The real world case study ‘Settings Manager’ (SM) is extracted from an industrial machine control software. The case study ‘Cutting Stock’ (CS) is the program hosting our running example. The program creates a list of cutting layouts based on the lengths and quantities of material and pieces. The case study ‘Lending Library’ (LL) is a small code example to manage the rental and return of items. All three studies are implemented in C# and use Code Contracts as specification language. Table 1 summarises the main properties.
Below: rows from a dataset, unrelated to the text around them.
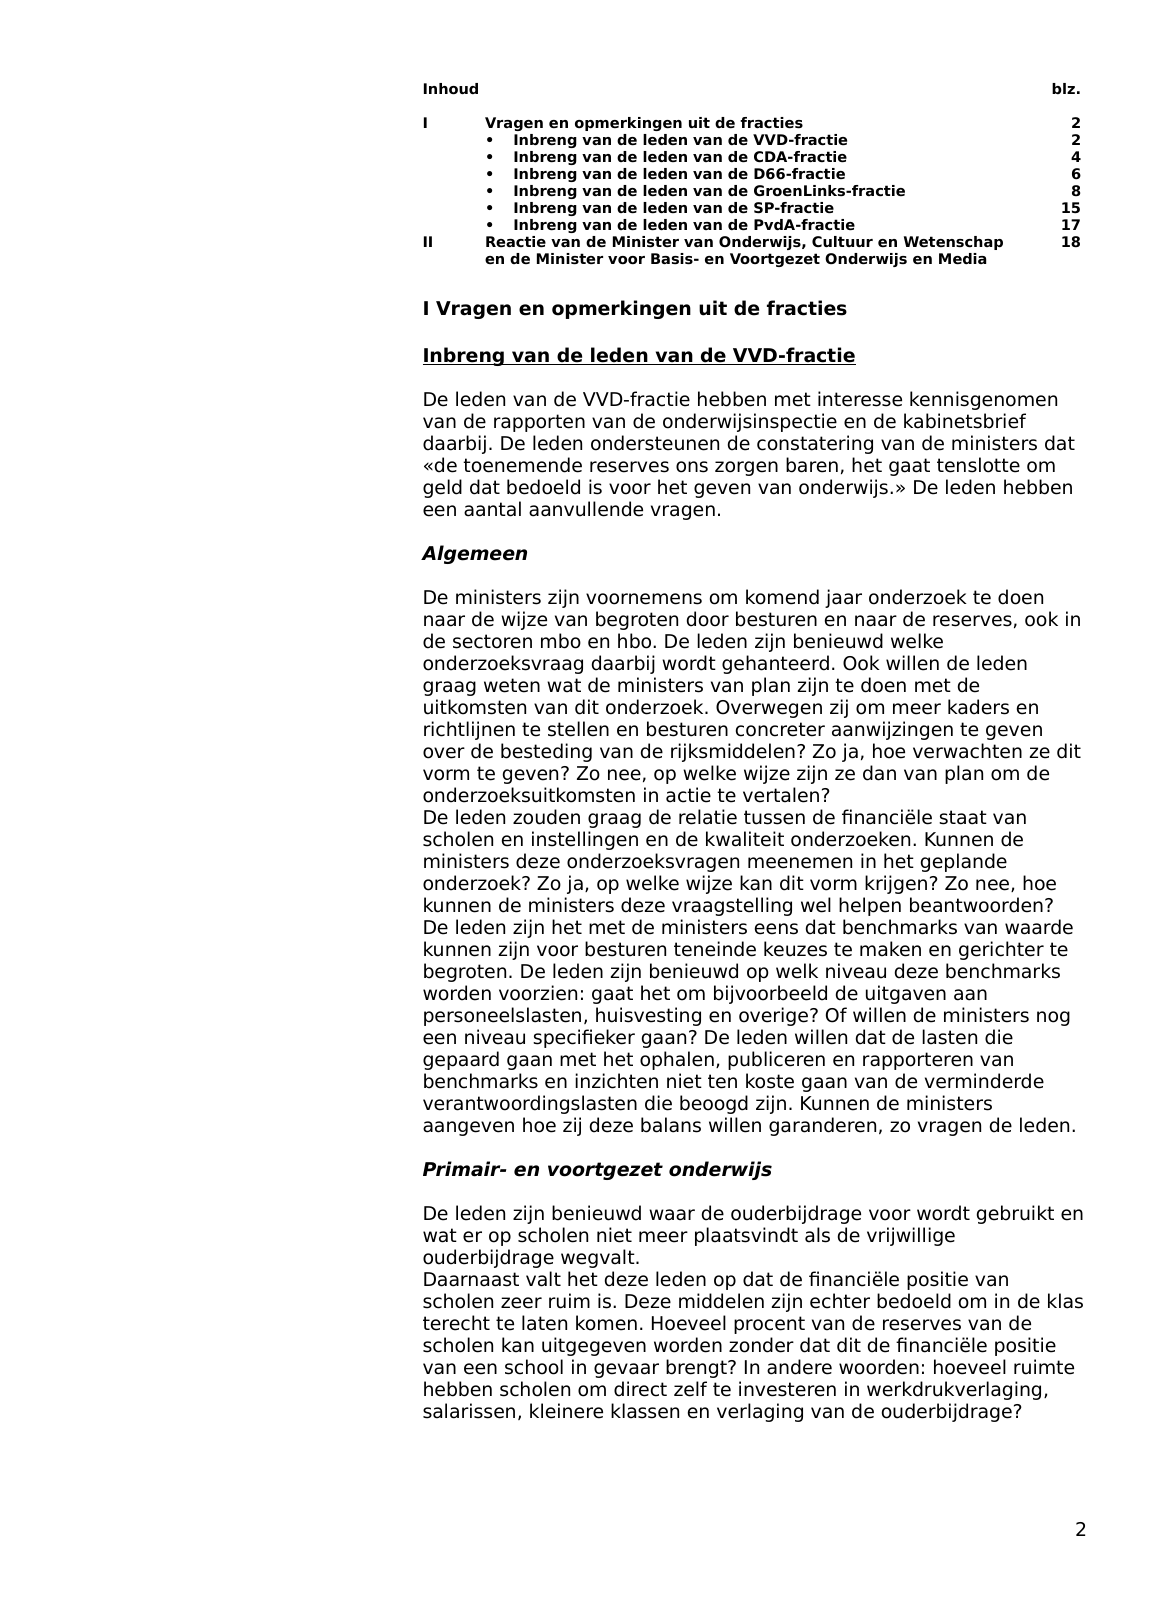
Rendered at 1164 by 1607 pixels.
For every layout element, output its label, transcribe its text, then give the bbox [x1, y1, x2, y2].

text De leden zijn het met de ministers eens dat benchmarks van waarde kunnen zijn voor besturen teneinde keuzes te maken en gerichter te begroten. De leden zijn benieuwd op welk niveau deze benchmarks worden voorzien: gaat het om bijvoorbeeld de uitgaven aan personeelslasten, huisvesting en overige? Of willen de ministers nog een niveau specifieker gaan? De leden willen dat de lasten die gepaard gaan met het ophalen, publiceren en rapporteren van benchmarks en inzichten niet ten koste gaan van de verminderde verantwoordingslasten die beoogd zijn. Kunnen de ministers aangeven hoe zij deze balans willen garanderen, zo vragen de leden. [422, 917, 1087, 1137]
table_cell Inbreng van de leden van de PvdA-fractie [507, 217, 1030, 234]
text Daarnaast valt het deze leden op dat de financiële positie van scholen zeer ruim is. Deze middelen zijn echter bedoeld om in de klas terecht te laten komen. Hoeveel procent van de reserves van de scholen kan uitgegeven worden zonder dat dit de financiële positie van een school in gevaar brengt? In andere woorden: hoeveel ruimte hebben scholen om direct zelf te investeren in werkdrukverlaging, salarissen, kleinere klassen en verlaging van de ouderbijdrage? [422, 1269, 1087, 1423]
table_cell 2 [1030, 132, 1087, 149]
table_header blz. [1030, 81, 1087, 98]
table_cell [422, 149, 479, 166]
subtitle I Vragen en opmerkingen uit de fracties [422, 298, 1087, 320]
text De leden zouden graag de relatie tussen de financiële staat van scholen en instellingen en de kwaliteit onderzoeken. Kunnen de ministers deze onderzoeksvragen meenemen in het geplande onderzoek? Zo ja, op welke wijze kan dit vorm krijgen? Zo nee, hoe kunnen de ministers deze vraagstelling wel helpen beantwoorden? [422, 807, 1087, 917]
table_cell [422, 132, 479, 149]
table_cell Inbreng van de leden van de GroenLinks-fractie [507, 183, 1030, 200]
table_cell 2 [1030, 115, 1087, 132]
table_cell 15 [1030, 200, 1087, 217]
table_cell • [479, 149, 507, 166]
table_cell [422, 166, 479, 183]
table_cell 8 [1030, 183, 1087, 200]
subtitle Primair- en voortgezet onderwijs [422, 1159, 1087, 1181]
table_cell 4 [1030, 149, 1087, 166]
table_header Inhoud [422, 81, 1030, 98]
table_cell [507, 98, 1030, 115]
table_cell Inbreng van de leden van de SP-fractie [507, 200, 1030, 217]
table_cell Inbreng van de leden van de VVD-fractie [507, 132, 1030, 149]
table_cell Reactie van de Minister van Onderwijs, Cultuur en Wetenschap en de Minister voor Basis- en Voortgezet Onderwijs en Media [479, 234, 1030, 268]
table_cell 17 [1030, 217, 1087, 234]
subtitle Algemeen [422, 543, 1087, 565]
table_cell Vragen en opmerkingen uit de fracties [479, 115, 1030, 132]
table_cell • [479, 183, 507, 200]
table_cell • [479, 132, 507, 149]
text De leden van de VVD-fractie hebben met interesse kennisgenomen van de rapporten van de onderwijsinspectie en de kabinetsbrief daarbij. De leden ondersteunen de constatering van de ministers dat «de toenemende reserves ons zorgen baren, het gaat tenslotte om geld dat bedoeld is voor het geven van onderwijs.» De leden hebben een aantal aanvullende vragen. [422, 389, 1087, 521]
table_cell • [479, 166, 507, 183]
table_cell Inbreng van de leden van de CDA-fractie [507, 149, 1030, 166]
table_cell 6 [1030, 166, 1087, 183]
table_cell [1030, 98, 1087, 115]
table_cell • [479, 200, 507, 217]
text De ministers zijn voornemens om komend jaar onderzoek te doen naar de wijze van begroten door besturen en naar de reserves, ook in de sectoren mbo en hbo. De leden zijn benieuwd welke onderzoeksvraag daarbij wordt gehanteerd. Ook willen de leden graag weten wat de ministers van plan zijn te doen met de uitkomsten van dit onderzoek. Overwegen zij om meer kaders en richtlijnen te stellen en besturen concreter aanwijzingen te geven over de besteding van de rijksmiddelen? Zo ja, hoe verwachten ze dit vorm te geven? Zo nee, op welke wijze zijn ze dan van plan om de onderzoeksuitkomsten in actie te vertalen? [422, 587, 1087, 807]
table_cell I [422, 115, 479, 132]
table_cell [479, 98, 507, 115]
table_cell 18 [1030, 234, 1087, 268]
table_cell [422, 183, 479, 200]
text De leden zijn benieuwd waar de ouderbijdrage voor wordt gebruikt en wat er op scholen niet meer plaatsvindt als de vrijwillige ouderbijdrage wegvalt. [422, 1203, 1087, 1269]
subtitle Inbreng van de leden van de VVD-fractie [422, 345, 1087, 367]
table_cell [422, 200, 479, 217]
table_cell [422, 98, 479, 115]
table_cell • [479, 217, 507, 234]
table_cell II [422, 234, 479, 268]
table_cell Inbreng van de leden van de D66-fractie [507, 166, 1030, 183]
table_cell [422, 217, 479, 234]

We compare our methodology with results of current verification and testing techniques. We apply Microsoft Code Contracts as formal verification framework and IntelliTest as automatic test case generation framework. To get detailed POG information, we have implemented our own POG generator based on [3, 13]. The results are summarised in Table 2. To benchmark the achieved benefits, we analyse the results of the generated robustness tests, and analyse whether they triggered an error within the vulnerable code. The resulting table lists those errors as “Robustness Errors”. This table also lists the automatically achieved test coverage by regular test cases on unverified proof obligations.

Table 1. Overview case studies

5.1 Case Study: Settings Manager

We have created 187 POGs to cover all 89 single specifications. The verification framework left 4 POGs unverified, covering different preconditions. The automatically generated test suite achieved 92% branch coverage on those 4 unverified control flows. Analysing those 4 unverified POGs, we could identify 18 vulnerable proof obligations. Two of them were not sufficiently secured against undiscovered errors.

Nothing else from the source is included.